If I think you’re stupid, bigoted or ill-informed and I don’t want to tell you, it doesn’t matter. My eyes, face, and aura betray me immediately. I am no poker player. If I had to earn my living dealing in insincerity, I would surely be much more likely to starve than if I had to make my living writing. The point is, sales people have a valuable skill I could never hope to cultivate.
But.
Sales people, particularly those working in print, have no ability to innovate. Newspapers have always been notoriously conservative. Something already has to be successful for them to even consider trying it. People on the editorial side—people like me who have little skill at handling advertisers—rarely make it to publisher. We wouldn’t have made good publishers in the 80s and 90s because it was about selling literal page views.
A Brief History of Ads
Blogging on the side, though, or having relationships with colleagues or friends who blogged on the side, reporters have had at least a notion that quality mattered; that informed readers expected something more. Newspaper publishers, who never have had to worry about competition, were all of a sudden put on the spot and didn’t know what to do about it. The most innovative of them copied sites that were already succeeding.
This had worked in the past. One paper goosed subscriptions by adding color fronts and the rest followed. (During this period many of the publishers said color was a fad. This is all you really need to know about a publisher’s ability to innovate.) USA Today dragged much of the industry to inside color and to more photos and graphics. It was style over substance, and it worked.
But publishing is a glacier, and doing what was successful even as few as three years ago is a waste of time in the Internet age. It is depressing to see papers all over the country working so hard to get page views when they are obviously the Confederate dollar of the Internet.
Informed ad consumers are no longer interested in whether a billion people saw their ad. They only are interested in how many people who saw it became customers. While targeted advertising purports to get your message in front of your potential customers, unless a company has web-based sales, they don’t need a billion fews. They need a better way to talk to local customers. The solution is, of course, outdoor advertising.
Ad Nauseam
Billboards, though, are even less trackable than are print ads or pageviews views. They always have been and will probably remain in the multinational domain. They are a good way to put Coke or Pepsi in your head while you’re driving along. They are good for reinforcing national campaigns. They also are good for reminding people how ineffective they otherwise are. “Caught You Reading!” and “Advertising Works!” just remind me that billboards are mostly empty. They also remind me how rarely (never) I have seen a billboard and made a mental note to go to the company website when I got home.

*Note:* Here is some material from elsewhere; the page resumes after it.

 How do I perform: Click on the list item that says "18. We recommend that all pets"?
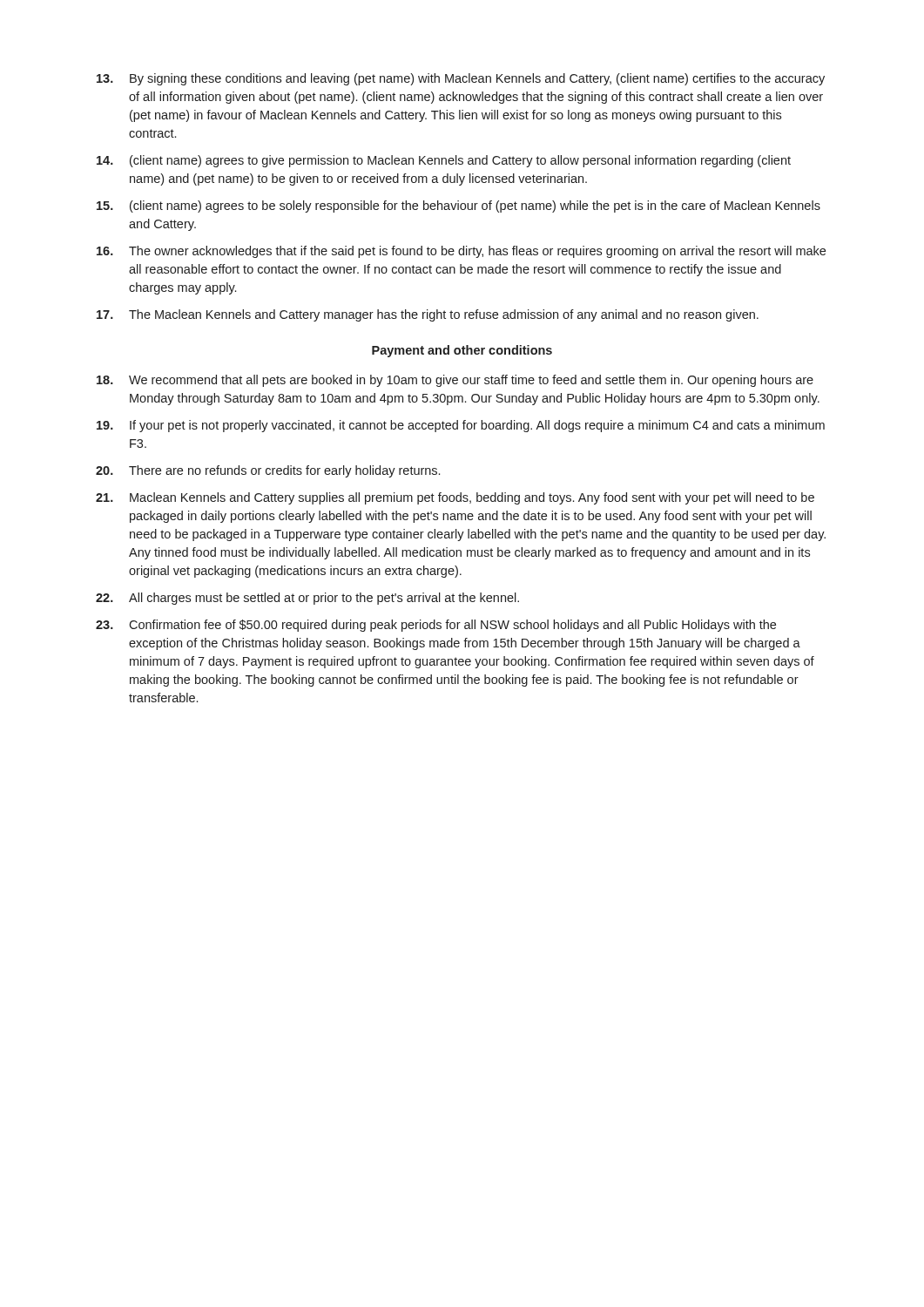[x=462, y=390]

Just outside of Ocean City is the area’s first digital billboard. Popular in metropolitan areas, where the traffic ups the captive audience, it is the billboard industry’s way of undermining its rural market share. Video billboards allow multiple companies to rent digital time. Unfortunately, because traffic isn’t that bad and because no one can take their eyes off the road for the four minutes it takes to watch the whole cycle, it is for all intents and purposes useless.
All Your Base Are Belong to Us
Imagine you own a 15 second spot on a billboard and realize how unlikely it is people will look at it. One trip past, and it is clear your money would have been spent better on a static ad. Then it starts a person thinking about how useful an expenditure it is. And that is the best case scenario.

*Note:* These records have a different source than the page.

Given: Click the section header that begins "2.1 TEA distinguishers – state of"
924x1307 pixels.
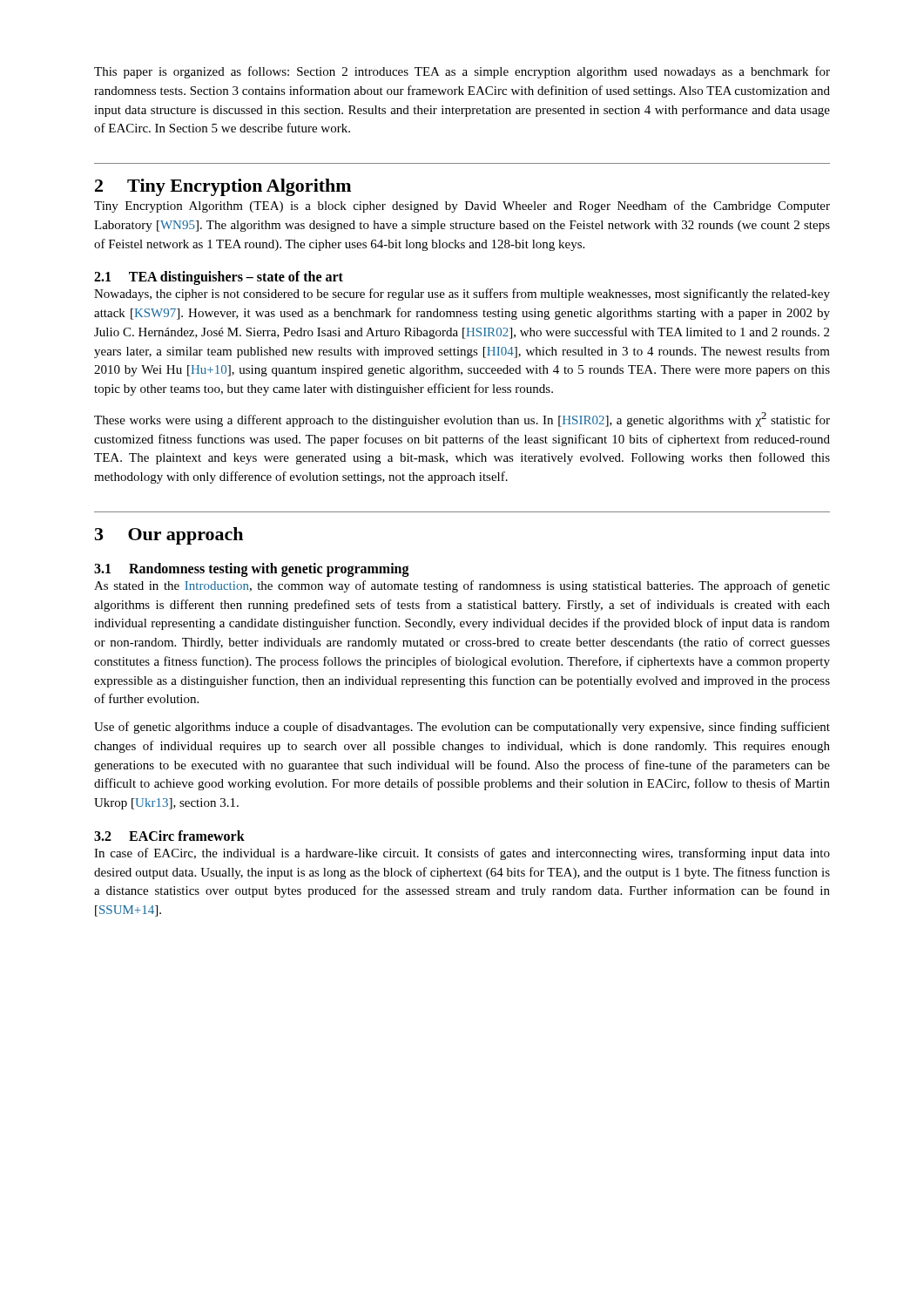Looking at the screenshot, I should 219,277.
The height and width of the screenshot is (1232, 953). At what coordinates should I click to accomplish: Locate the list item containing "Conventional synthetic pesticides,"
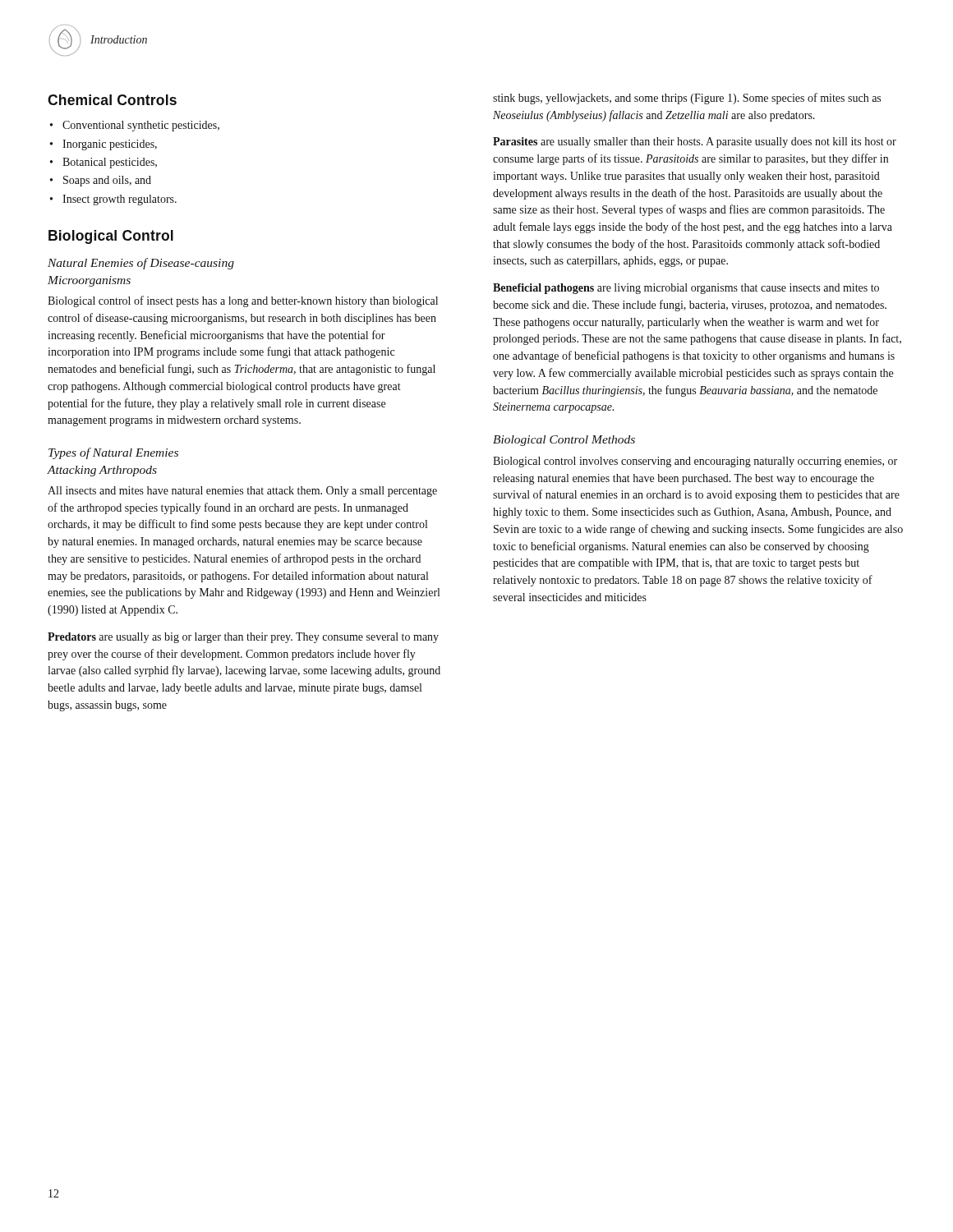tap(141, 126)
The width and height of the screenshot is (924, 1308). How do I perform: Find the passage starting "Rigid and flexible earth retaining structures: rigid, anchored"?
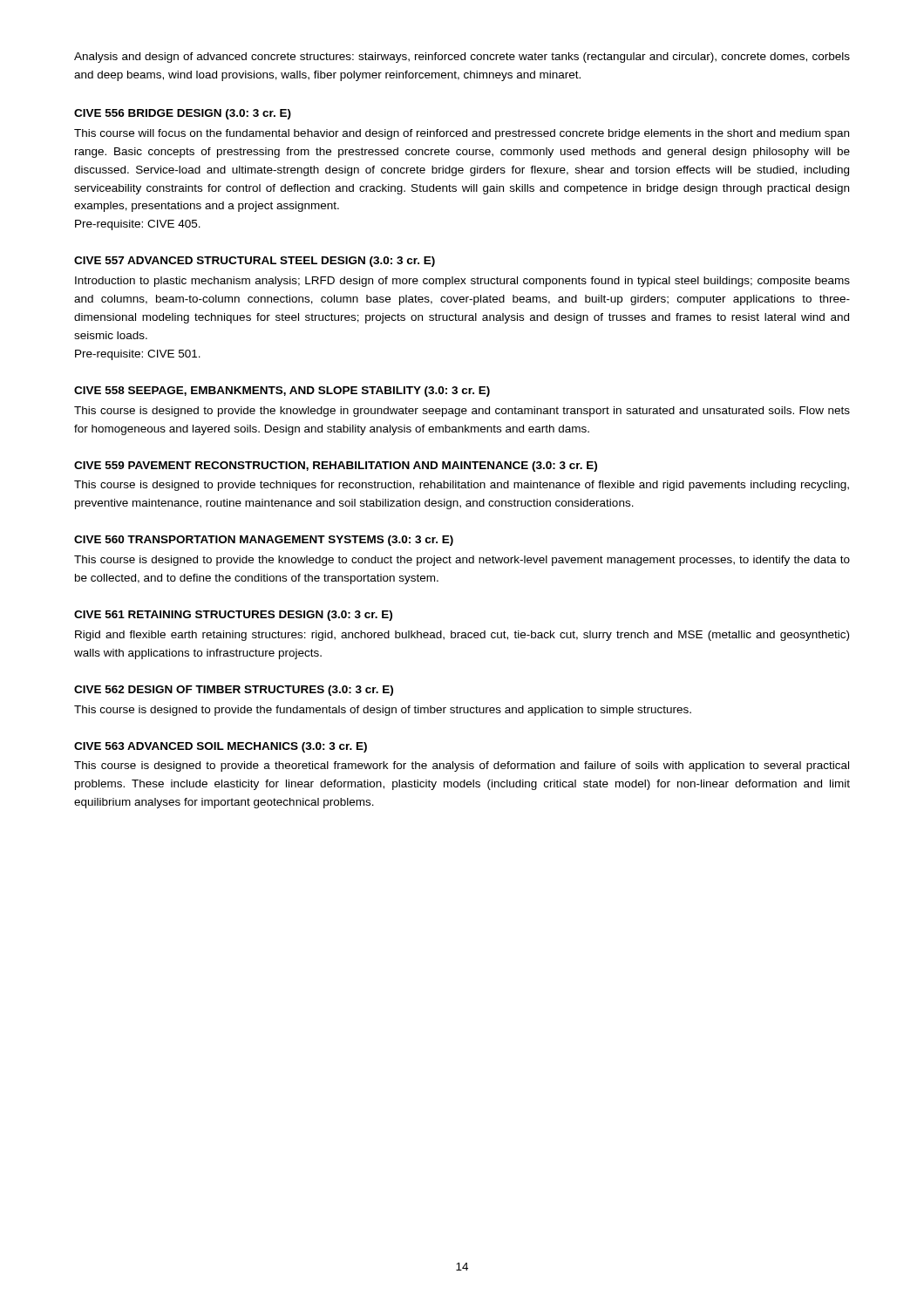462,643

Imagine seeing an ad like the one above. An ad (for the ad company) that makes no sense. Ads can be uploaded remotely and are not permanent As a result, they needn’t undergo the kind of rigorous proofing print ads do. Even print publishers, who have decided there are no need for copy editors in the news room, continue to put pressure on the ad proofing mechanism. If a news story has a typo or is unclear, it is still free, but if an ad is wrong, it costs money and space.

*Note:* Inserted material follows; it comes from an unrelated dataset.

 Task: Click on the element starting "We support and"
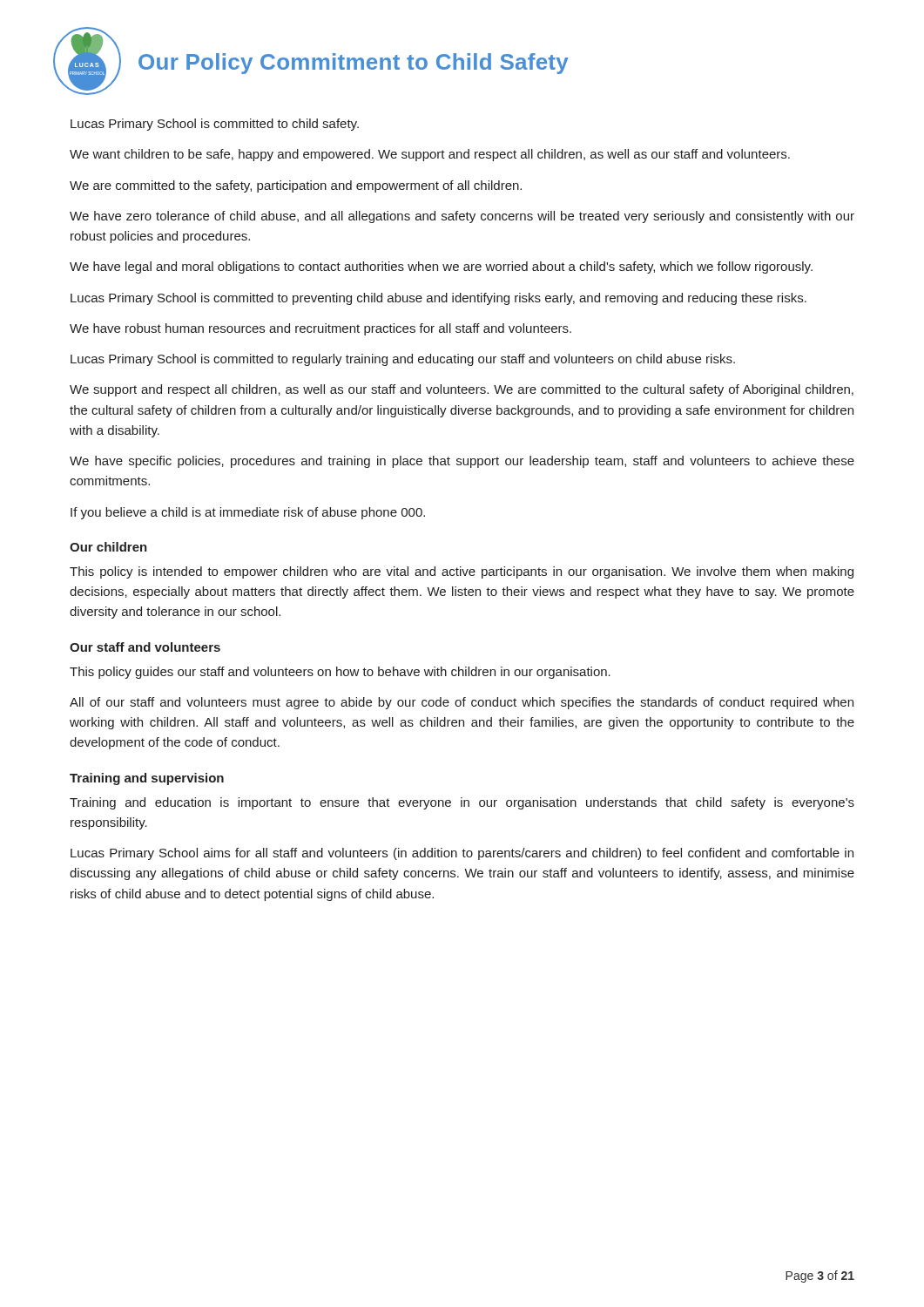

It was only because the ad was so bad it caught my eye. I actually turned around (I’m developing a mild Vine addiction) to see if I could incorporate it into a shore movie called “All Your Base Are Belong To Us” of nonsensical ads. Maybe that’s the secret. Maybe if you put up an that’s misspelled or so completely, impenetrably nonsensical people remember it.
Whether they’ll still trust you as a professional is a different question. It is a question ad reps will be asking as soon as someone tells them to.
There’s plenty more on this week’s Todcast, including Bryan returning with the State of the Beer, adventures in ToddManOut, and the debute of my first Vine beer commercial. Take a listen below or subscribe here.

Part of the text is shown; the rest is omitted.